◆ Excerpts from a dataset ◆
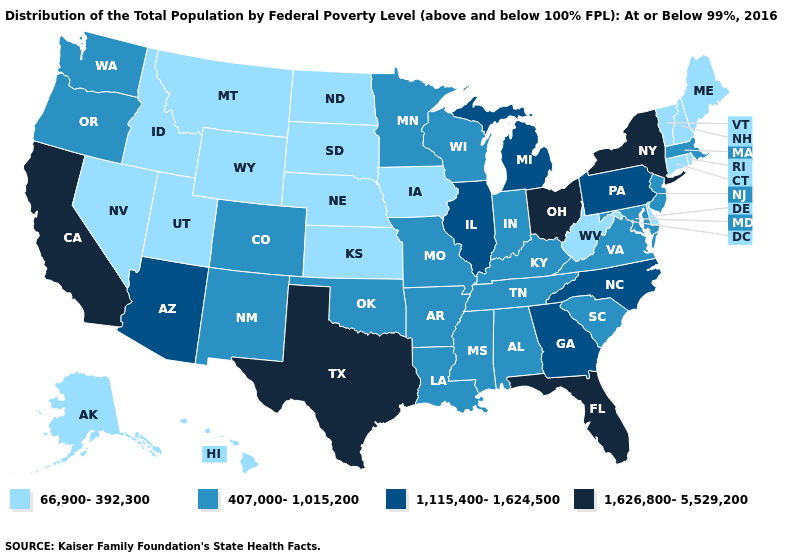Does Texas have the highest value in the USA?
Keep it brief. Yes. What is the value of Maryland?
Write a very short answer. 407,000-1,015,200. Name the states that have a value in the range 1,115,400-1,624,500?
Be succinct. Arizona, Georgia, Illinois, Michigan, North Carolina, Pennsylvania. What is the highest value in the West ?
Short answer required. 1,626,800-5,529,200. What is the highest value in the West ?
Answer briefly. 1,626,800-5,529,200. Name the states that have a value in the range 1,115,400-1,624,500?
Write a very short answer. Arizona, Georgia, Illinois, Michigan, North Carolina, Pennsylvania. Name the states that have a value in the range 1,115,400-1,624,500?
Quick response, please. Arizona, Georgia, Illinois, Michigan, North Carolina, Pennsylvania. Name the states that have a value in the range 407,000-1,015,200?
Give a very brief answer. Alabama, Arkansas, Colorado, Indiana, Kentucky, Louisiana, Maryland, Massachusetts, Minnesota, Mississippi, Missouri, New Jersey, New Mexico, Oklahoma, Oregon, South Carolina, Tennessee, Virginia, Washington, Wisconsin. What is the value of Hawaii?
Quick response, please. 66,900-392,300. Does the first symbol in the legend represent the smallest category?
Give a very brief answer. Yes. Does the map have missing data?
Answer briefly. No. Among the states that border Tennessee , does Arkansas have the highest value?
Short answer required. No. Does Indiana have a lower value than Hawaii?
Be succinct. No. Does New York have the highest value in the Northeast?
Keep it brief. Yes. What is the lowest value in the USA?
Give a very brief answer. 66,900-392,300.

◆ YOUR ASSIGNMENT ◆
Reproduce exactly, with nothing added, the lines from the one that contains "Give a very brief answer. Yes." to the end of the data.

◆ RESPONSE FOR THIS EXERCISE ◆
Give a very brief answer. Yes. Does the map have missing data?
Answer briefly. No. Among the states that border Tennessee , does Arkansas have the highest value?
Short answer required. No. Does Indiana have a lower value than Hawaii?
Be succinct. No. Does New York have the highest value in the Northeast?
Keep it brief. Yes. What is the lowest value in the USA?
Give a very brief answer. 66,900-392,300.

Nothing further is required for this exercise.